Здесь оформился как человек с коммунистическим мировоззрением. Сейчас мне 36
лет, до вступления в ряды ВКП(б) не был ни в каких партиях, ни в каких армиях,
ни с какими противоположными идеями не был знаком. Сын крестьянина-середняка с.
Софиевки того же района Днепропетровской области, я начал учиться только с 1921 г. и в 1926 г. окончил педтехникум.
До этого времени, т. е. с 1903
г. (год рождения) и по 1921 год (год вступления на
подготовительный курс высших криворожских педкурсов), я не ездил на поезде, не
выезжал больше, чем на 25—30 км из села. Вот почему, попав на учебу,
ознакомившись там с идеями коммунизма через сочинения В. И. Ленина, Маркса,
Энгельса, я ринулся с головой в эти идеи, в учебу, и поставил заветную мечту —
быть коммунистом.
Эта мечта стала действительностью в 1928 г. 14 июня.
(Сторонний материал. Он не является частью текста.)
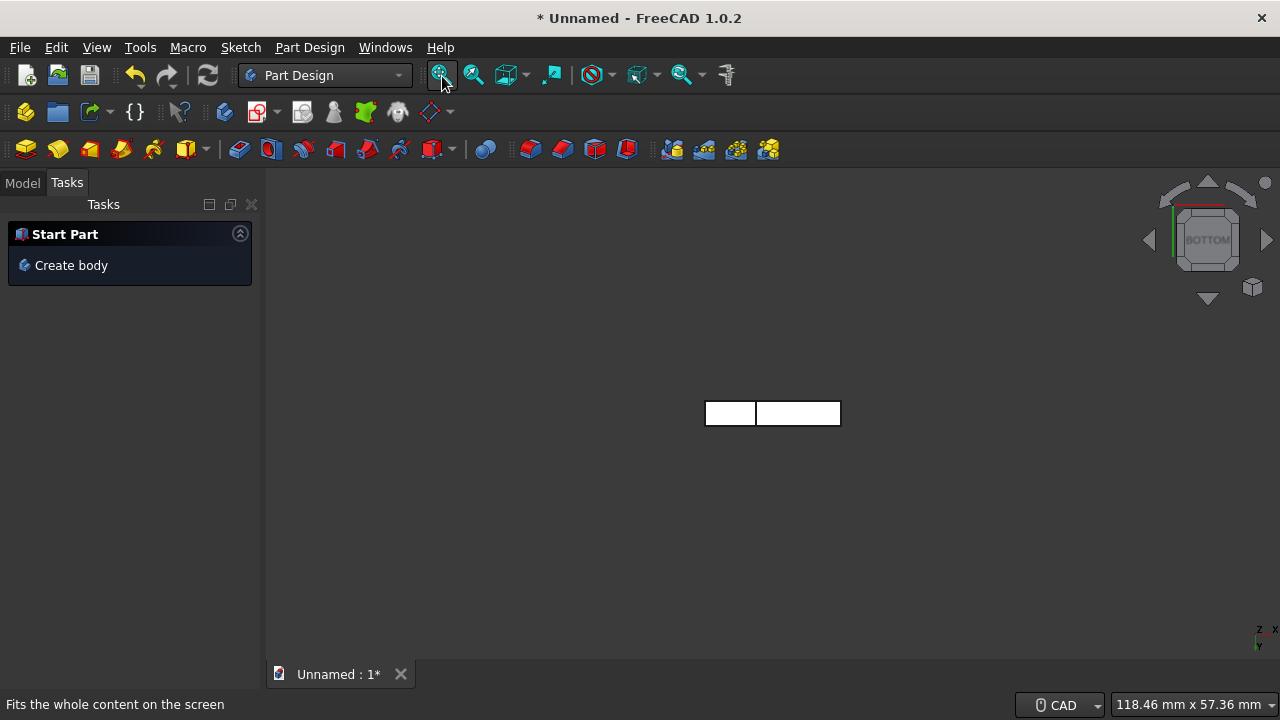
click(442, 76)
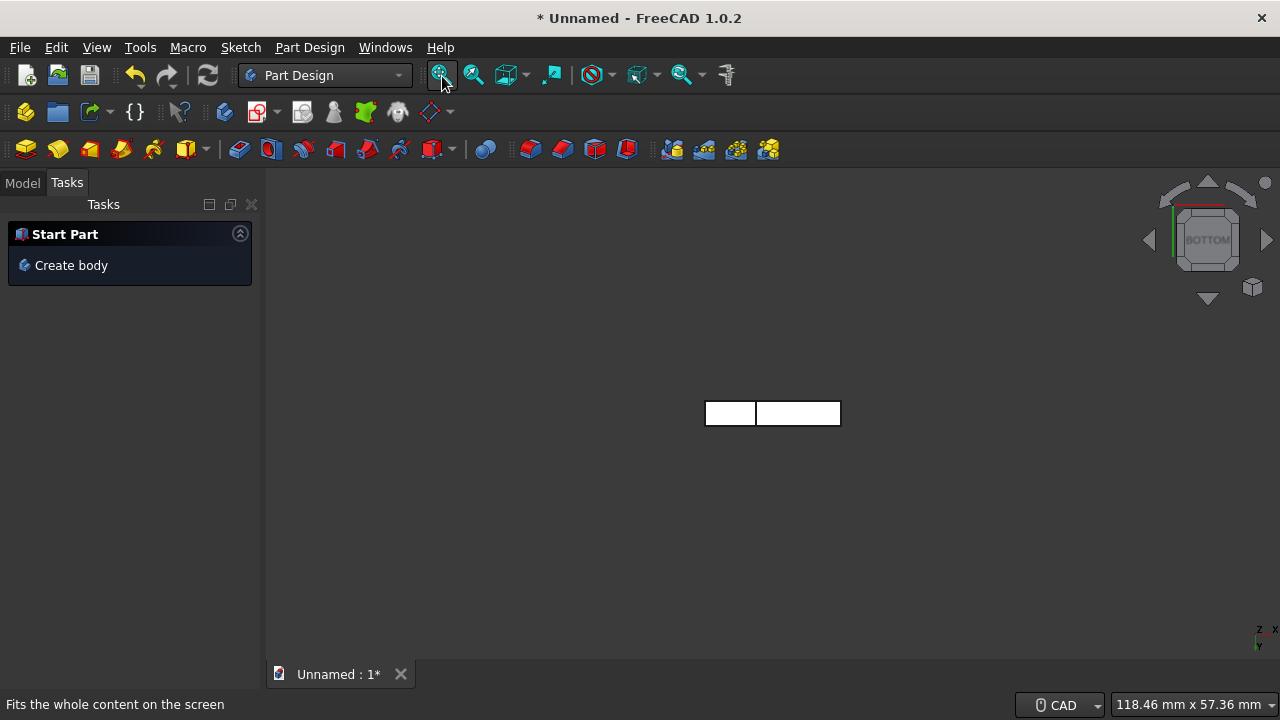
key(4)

Подходил
конец моей учебы, я выходил из училища народным учителем. В сельских школах
работал в 1926—1934 гг. С 20 августа 1934 г. до 1 октября 1936 г. работал
преподавателем истории и директором 5-й Никопольской средней школы. С 1 октября
1936 г.
по 3 июня 1938 г.
работал заведующим Никопольского горотдела образования, т. е. по день ареста.
Все время я работал там, куда посылала партия большевиков, органы советской
власти. С 1927 г.
по день ареста все время избирался членом сельских советов сел Ново-Николаевки,
Шолохове, членом Никопольского райисполкома и горсовета, с 1930 г. по день ареста был
членом президиума горсовета. Наряду с этим, я почти беспрерывно 10 лет был
членом бюро первичных организаций, парторгом, штатным и внештатным
пропагандистом.
Я кипел в работе, любил и люблю свою партию,
советский народ и работу для него. Они мне отвечали взаимностью, доверием:
избирали меня своим руководителем, на съезды, на конференции, на слеты
ударников, стахановцев... И вдруг наступает роковая ночь 3 июня 1938 г. Представители НКВД
приходят на квартиру, арестовывают, забирают партбилет, мандат члена горсовета,
грамоты ударника и другие украшения моей жизни. Я оставляю четверых
детей-малюток, жену и оказываюсь в клетке. Оборвалась жизнь, остановилась
работа для великой советской социалистической моей родины, которой я готов был
отдать себя без остатка. Начался кошмар... Оказывается, первые четыре-пять
месяцев я был будущим повстанцем и руководителем контрреволюционной
повстанческой украинской организации, пропагандистом контрреволюционных идей
отделения УССР от СССР, террористом и т. д. С 7 декабря 1938 г. проведена
переквалификация. Я уже оказываюсь не «террорист», не «повстанец» — это как
будто не доказано. Поэтому из ст. 54 пункты 2 и 8, подписанные мною раньше,
изъяты, но остались в ст. 54 п. п. 10 ч. 2 и 11. «Дело пошло, — объявил мне
начальник 3-го отделения УГБ Никопольского горотдела НКВД к прокурору на
рассмотрение». Причем теперь дали уже и «свидетелей», и очные ставки с ними,
подтверждающие как будто бы мою контрреволюционную деятельность и агитацию.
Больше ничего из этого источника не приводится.